◆ Your assignment:
Across the listing below, work out how many lines include the word "maximum". Give the number alone.

*** Opening of Data extract ***

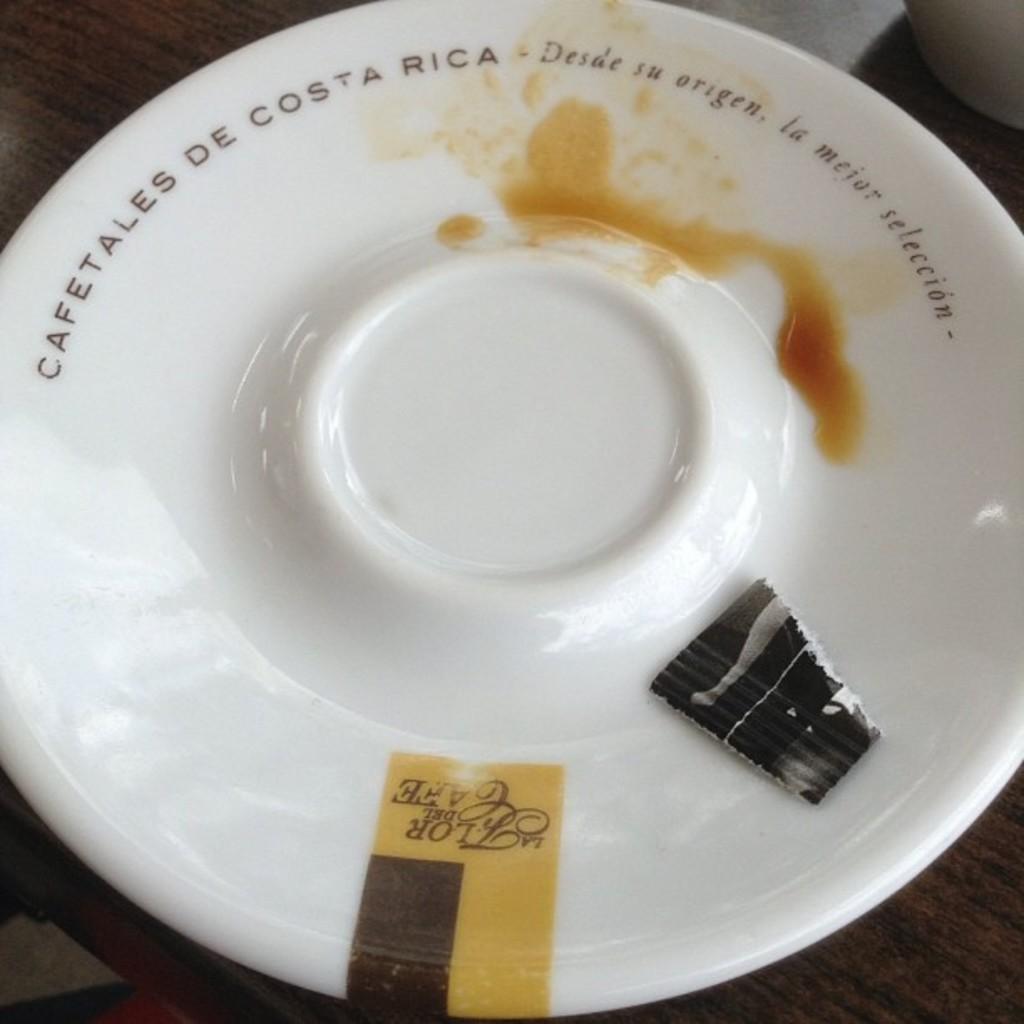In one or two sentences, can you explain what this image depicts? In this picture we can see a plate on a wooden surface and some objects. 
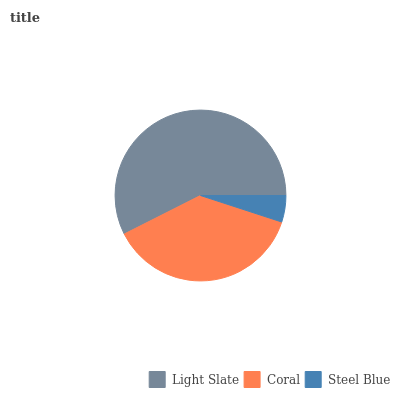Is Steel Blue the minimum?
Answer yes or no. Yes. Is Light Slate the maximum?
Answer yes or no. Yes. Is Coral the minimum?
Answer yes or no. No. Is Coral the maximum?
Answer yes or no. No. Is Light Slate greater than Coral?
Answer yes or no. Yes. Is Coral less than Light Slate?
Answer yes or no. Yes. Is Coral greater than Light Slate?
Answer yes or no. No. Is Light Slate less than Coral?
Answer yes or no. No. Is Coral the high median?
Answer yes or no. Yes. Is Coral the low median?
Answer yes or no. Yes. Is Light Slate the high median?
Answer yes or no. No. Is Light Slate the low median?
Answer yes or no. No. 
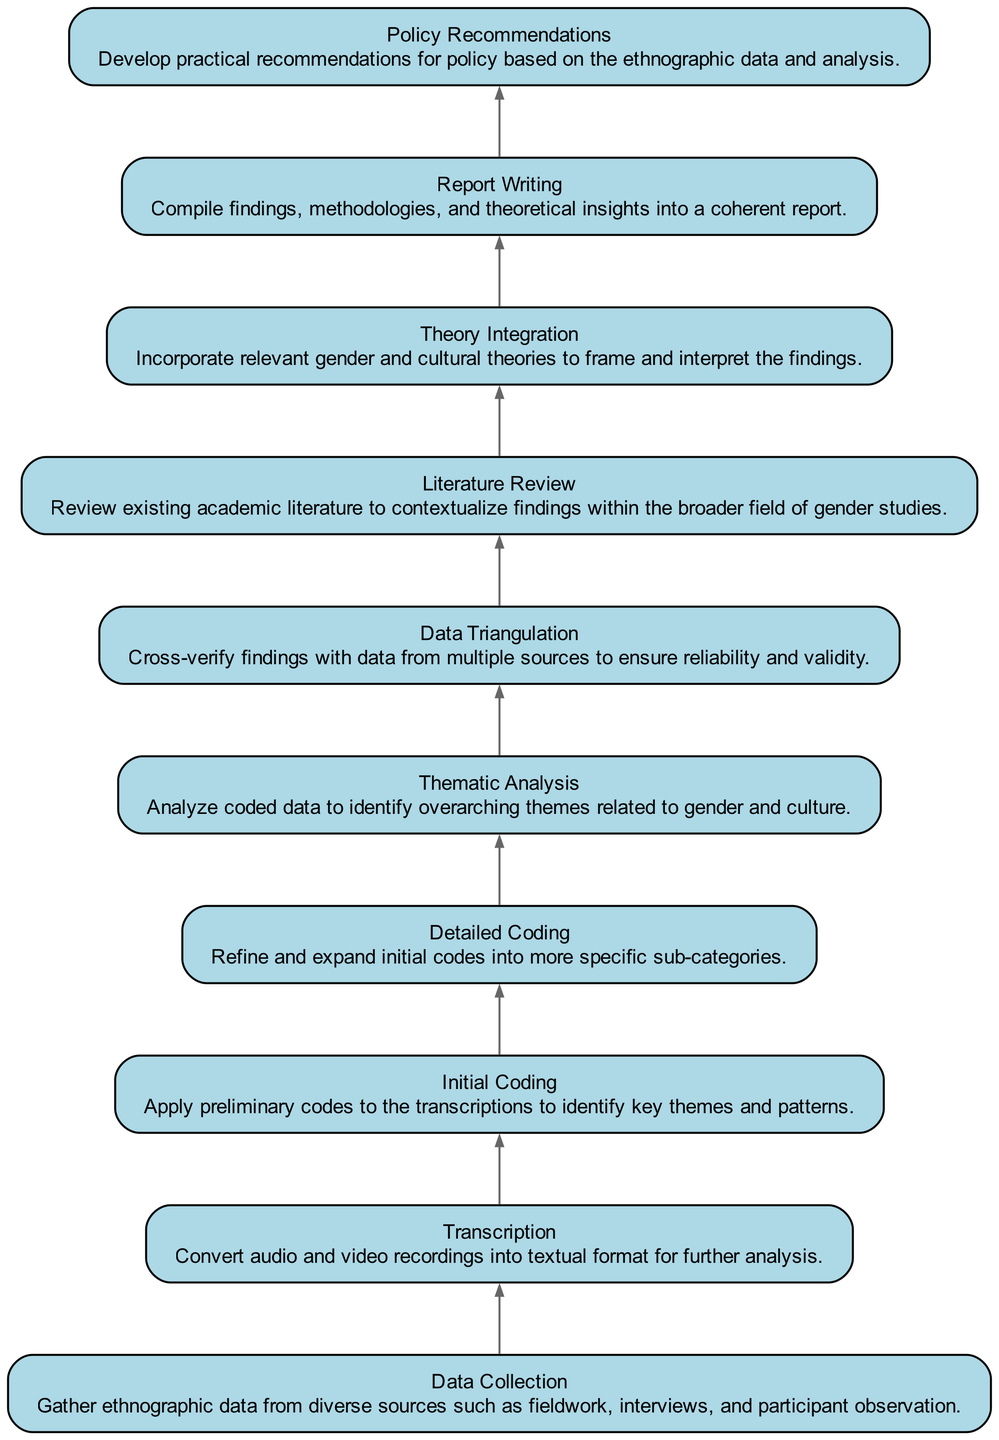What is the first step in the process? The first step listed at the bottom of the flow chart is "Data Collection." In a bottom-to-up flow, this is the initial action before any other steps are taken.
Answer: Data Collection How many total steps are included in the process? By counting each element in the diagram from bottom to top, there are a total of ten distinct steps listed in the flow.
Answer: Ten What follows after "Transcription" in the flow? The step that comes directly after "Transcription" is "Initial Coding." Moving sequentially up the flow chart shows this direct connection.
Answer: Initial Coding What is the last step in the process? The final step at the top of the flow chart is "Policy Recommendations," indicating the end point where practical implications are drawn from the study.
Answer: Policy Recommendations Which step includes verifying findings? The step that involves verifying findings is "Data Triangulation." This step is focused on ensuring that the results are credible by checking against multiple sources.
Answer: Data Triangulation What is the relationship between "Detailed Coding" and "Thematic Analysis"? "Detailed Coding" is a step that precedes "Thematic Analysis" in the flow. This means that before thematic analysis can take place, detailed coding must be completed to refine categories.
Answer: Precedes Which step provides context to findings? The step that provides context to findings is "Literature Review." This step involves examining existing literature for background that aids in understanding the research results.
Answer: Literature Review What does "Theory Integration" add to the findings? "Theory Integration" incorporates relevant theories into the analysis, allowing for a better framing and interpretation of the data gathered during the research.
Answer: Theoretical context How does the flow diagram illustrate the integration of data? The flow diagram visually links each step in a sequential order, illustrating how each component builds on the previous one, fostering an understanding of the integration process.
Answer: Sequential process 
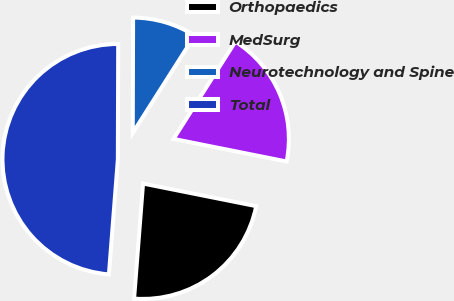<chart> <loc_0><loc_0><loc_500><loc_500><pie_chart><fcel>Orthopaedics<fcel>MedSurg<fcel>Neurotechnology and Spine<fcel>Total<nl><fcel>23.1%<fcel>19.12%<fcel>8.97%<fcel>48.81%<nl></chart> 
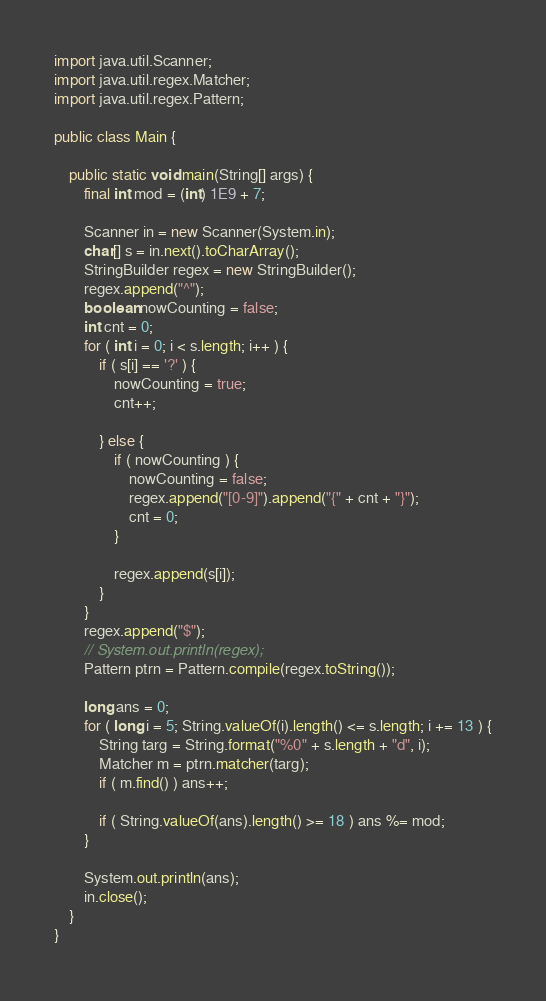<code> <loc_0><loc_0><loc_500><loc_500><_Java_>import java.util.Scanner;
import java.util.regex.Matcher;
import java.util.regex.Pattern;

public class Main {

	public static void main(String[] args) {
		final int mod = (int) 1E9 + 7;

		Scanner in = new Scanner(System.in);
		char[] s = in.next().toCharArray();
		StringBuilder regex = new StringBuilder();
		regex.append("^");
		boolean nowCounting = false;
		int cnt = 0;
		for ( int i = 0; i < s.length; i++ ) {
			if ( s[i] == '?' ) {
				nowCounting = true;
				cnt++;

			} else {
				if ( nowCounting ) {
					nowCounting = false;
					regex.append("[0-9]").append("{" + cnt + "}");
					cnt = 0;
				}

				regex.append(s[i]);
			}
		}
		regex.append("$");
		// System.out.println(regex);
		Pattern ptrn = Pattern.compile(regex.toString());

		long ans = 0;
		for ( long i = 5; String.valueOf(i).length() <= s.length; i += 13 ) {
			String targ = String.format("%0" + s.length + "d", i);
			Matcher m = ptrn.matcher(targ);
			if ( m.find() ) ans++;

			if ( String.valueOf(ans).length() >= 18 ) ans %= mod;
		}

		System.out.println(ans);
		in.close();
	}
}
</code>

*** Close of Data extract ***

◆ Solution:
2